Do you still need help with this? You may have figured it out by now since it follows the same method with the question 23.

>>Just in case, for any vector u and v, for the two to be parallel means v can be written as u=k x v.(for k any complex number, furthermore for any k in any field F) (I have used x for the multiplication sign and in matrix ; means the row ended that is if A=[1 2; 3 4] , first row of A from left to right is 1 and 2 and the second row is 3 and 4)

>>In your question for v = (8t, -2), k must be 1/2 since (k x (-2) = -1). Since k is 1/2=> 4 = 1/2 x 8t => t = 1. Hence in (a) they are parallel for t = 1.

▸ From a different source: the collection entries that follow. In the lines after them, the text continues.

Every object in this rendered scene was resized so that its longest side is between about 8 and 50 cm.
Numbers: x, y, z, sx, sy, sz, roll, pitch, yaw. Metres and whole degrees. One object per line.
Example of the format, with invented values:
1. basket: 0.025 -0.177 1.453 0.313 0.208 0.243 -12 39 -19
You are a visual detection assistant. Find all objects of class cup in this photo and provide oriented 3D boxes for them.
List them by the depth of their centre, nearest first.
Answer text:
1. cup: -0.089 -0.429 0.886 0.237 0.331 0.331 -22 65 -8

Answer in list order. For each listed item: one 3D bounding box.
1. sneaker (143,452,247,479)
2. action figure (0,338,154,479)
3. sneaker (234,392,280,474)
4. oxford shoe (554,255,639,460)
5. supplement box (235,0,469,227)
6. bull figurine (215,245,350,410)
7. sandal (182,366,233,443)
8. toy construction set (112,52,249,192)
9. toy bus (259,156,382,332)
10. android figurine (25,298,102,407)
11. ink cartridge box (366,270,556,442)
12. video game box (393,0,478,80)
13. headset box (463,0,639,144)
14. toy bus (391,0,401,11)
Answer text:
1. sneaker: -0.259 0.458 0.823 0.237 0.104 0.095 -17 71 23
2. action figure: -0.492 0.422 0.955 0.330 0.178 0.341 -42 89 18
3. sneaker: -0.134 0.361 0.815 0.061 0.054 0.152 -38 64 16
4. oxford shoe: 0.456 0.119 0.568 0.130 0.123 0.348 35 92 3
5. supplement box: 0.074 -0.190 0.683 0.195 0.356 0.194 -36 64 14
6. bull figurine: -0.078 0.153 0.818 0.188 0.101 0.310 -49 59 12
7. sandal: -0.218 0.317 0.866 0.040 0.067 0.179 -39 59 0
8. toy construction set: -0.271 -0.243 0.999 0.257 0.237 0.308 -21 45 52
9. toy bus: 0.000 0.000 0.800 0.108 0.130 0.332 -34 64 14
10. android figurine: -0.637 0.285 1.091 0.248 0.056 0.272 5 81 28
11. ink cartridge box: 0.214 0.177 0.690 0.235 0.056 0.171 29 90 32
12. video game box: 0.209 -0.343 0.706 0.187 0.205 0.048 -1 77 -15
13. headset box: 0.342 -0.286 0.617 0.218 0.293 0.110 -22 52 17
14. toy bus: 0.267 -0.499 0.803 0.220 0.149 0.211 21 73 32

>>(b) v = (8t, 2t). 4 = k x 8t => k x t = 1/2 and -1 = k x 2t => k x t = -1/2. But 1/2 is not equal to -1/2 so they are never parallel.

>>© v = (1, t^{2}) => 4 = k x 1 = k, Since k is 4, -1 = 4 x t^{2} Hence they would be parallel for the complex numbers i/2 and -i/2 (Usually in algebra courses you would be allowed to use complex numbers but you should still check if you are allowed to use them. If you are not allowed to use them, they are never parallel, again)

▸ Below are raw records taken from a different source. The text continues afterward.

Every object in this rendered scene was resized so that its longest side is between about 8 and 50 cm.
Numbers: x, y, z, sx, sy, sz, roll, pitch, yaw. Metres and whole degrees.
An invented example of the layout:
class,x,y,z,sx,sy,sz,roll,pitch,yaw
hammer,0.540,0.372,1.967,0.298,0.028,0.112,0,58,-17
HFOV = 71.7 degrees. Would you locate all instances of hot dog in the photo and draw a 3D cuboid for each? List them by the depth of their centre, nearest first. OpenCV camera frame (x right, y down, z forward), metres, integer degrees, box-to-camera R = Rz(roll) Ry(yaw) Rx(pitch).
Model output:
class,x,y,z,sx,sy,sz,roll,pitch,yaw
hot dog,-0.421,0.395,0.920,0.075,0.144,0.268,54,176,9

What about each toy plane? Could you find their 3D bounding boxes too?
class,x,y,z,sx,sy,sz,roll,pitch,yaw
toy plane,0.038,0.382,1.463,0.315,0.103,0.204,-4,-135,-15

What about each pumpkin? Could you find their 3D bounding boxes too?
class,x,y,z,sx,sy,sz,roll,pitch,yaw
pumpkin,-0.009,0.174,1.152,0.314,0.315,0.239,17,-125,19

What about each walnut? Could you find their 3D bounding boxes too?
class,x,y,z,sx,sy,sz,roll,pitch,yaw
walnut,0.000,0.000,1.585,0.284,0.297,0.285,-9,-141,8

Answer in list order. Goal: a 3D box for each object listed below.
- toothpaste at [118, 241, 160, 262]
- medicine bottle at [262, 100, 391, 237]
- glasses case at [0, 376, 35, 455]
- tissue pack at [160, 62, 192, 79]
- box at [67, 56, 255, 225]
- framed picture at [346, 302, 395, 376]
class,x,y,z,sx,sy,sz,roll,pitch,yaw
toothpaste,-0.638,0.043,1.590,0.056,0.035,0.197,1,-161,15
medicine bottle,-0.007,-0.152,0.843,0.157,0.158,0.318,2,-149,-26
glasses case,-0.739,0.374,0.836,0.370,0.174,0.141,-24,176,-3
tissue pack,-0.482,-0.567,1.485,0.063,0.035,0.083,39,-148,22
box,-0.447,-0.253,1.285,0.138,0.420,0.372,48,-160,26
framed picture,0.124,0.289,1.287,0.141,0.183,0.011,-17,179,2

Also for determinant, (**pass this part if you are not interested in abstract linear algebra**) determinant is defined as for a matrix A, (there should be permutations under Σ, since you want to sum all of the permutations up to isomorphism possible) detA=Σ(sgn(j_{1}....j_{n})a_{1j1} a_{1j2} .... a_{njn}) where a_{ijn }denotes the element in the ith row and j_{n}th column (j_{n} is a permutation so it's not the same as the initial column number j) and the sgn(j_{1}....j_{n}) denotes the -1 to the power of number of permutations of elements 1,2,...,n to j_{1}....j_{n }(if you haven't taken any algebra course before, this is simply just saying the number of ways you can correctly and uniquely permute (1,2,...,n),,,, up to isomorphism of course) and defined as (-1)^{number of inversions in j1....jn} (>>further (-1)^{row num+col num} in the determinant comes from this sign of permutation)

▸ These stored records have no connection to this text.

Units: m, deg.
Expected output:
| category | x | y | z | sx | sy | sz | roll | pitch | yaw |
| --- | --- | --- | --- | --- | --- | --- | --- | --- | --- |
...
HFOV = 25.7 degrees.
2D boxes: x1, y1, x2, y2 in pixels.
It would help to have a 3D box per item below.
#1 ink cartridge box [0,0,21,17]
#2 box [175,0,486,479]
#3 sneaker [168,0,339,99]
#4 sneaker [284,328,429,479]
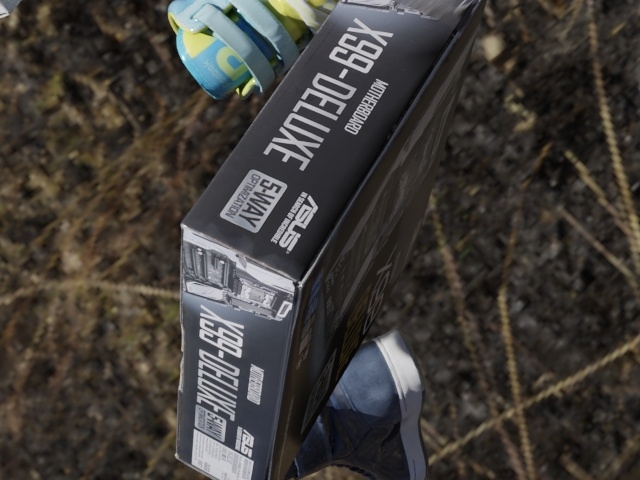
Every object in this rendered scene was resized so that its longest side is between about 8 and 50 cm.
| category | x | y | z | sx | sy | sz | roll | pitch | yaw |
| --- | --- | --- | --- | --- | --- | --- | --- | --- | --- |
| ink cartridge box | -0.306 | -0.338 | 1.367 | 0.148 | 0.203 | 0.086 | 42 | 165 | -25 |
| box | 0.000 | 0.000 | 0.888 | 0.076 | 0.242 | 0.307 | 27 | 148 | 10 |
| sneaker | -0.003 | -0.204 | 1.170 | 0.127 | 0.208 | 0.319 | 49 | 152 | -24 |
| sneaker | 0.003 | 0.169 | 1.163 | 0.226 | 0.163 | 0.086 | 80 | 163 | -54 |

**Moving on/further from the abstract definition for a 2x2 matrix A=[a b; c d] , det(A) = ad-bc ** (coming from definition sgn(1,2)a_{11}a_{12} + sgn(2,1)a_{12}a_{21}) (However, I still used the definition)

We can use the definition to calculate the determinant of any matrix using the determinant of the 2x2 matrix which is above and would usually be given to you as a lemma (but it's a simple application of the definition)**, **

**for B=[a b c; d e f; g h i] **I will use the first row to calculate the determinant however you are free to choose any row you like

**det(B)=(-1)**^{1+1}a det([e f; h i]) + (-1)^{1+2}b det([d f; g i]) **+ (-1)**^{1+3}c det([d e; g h]). (However, I still used the definition)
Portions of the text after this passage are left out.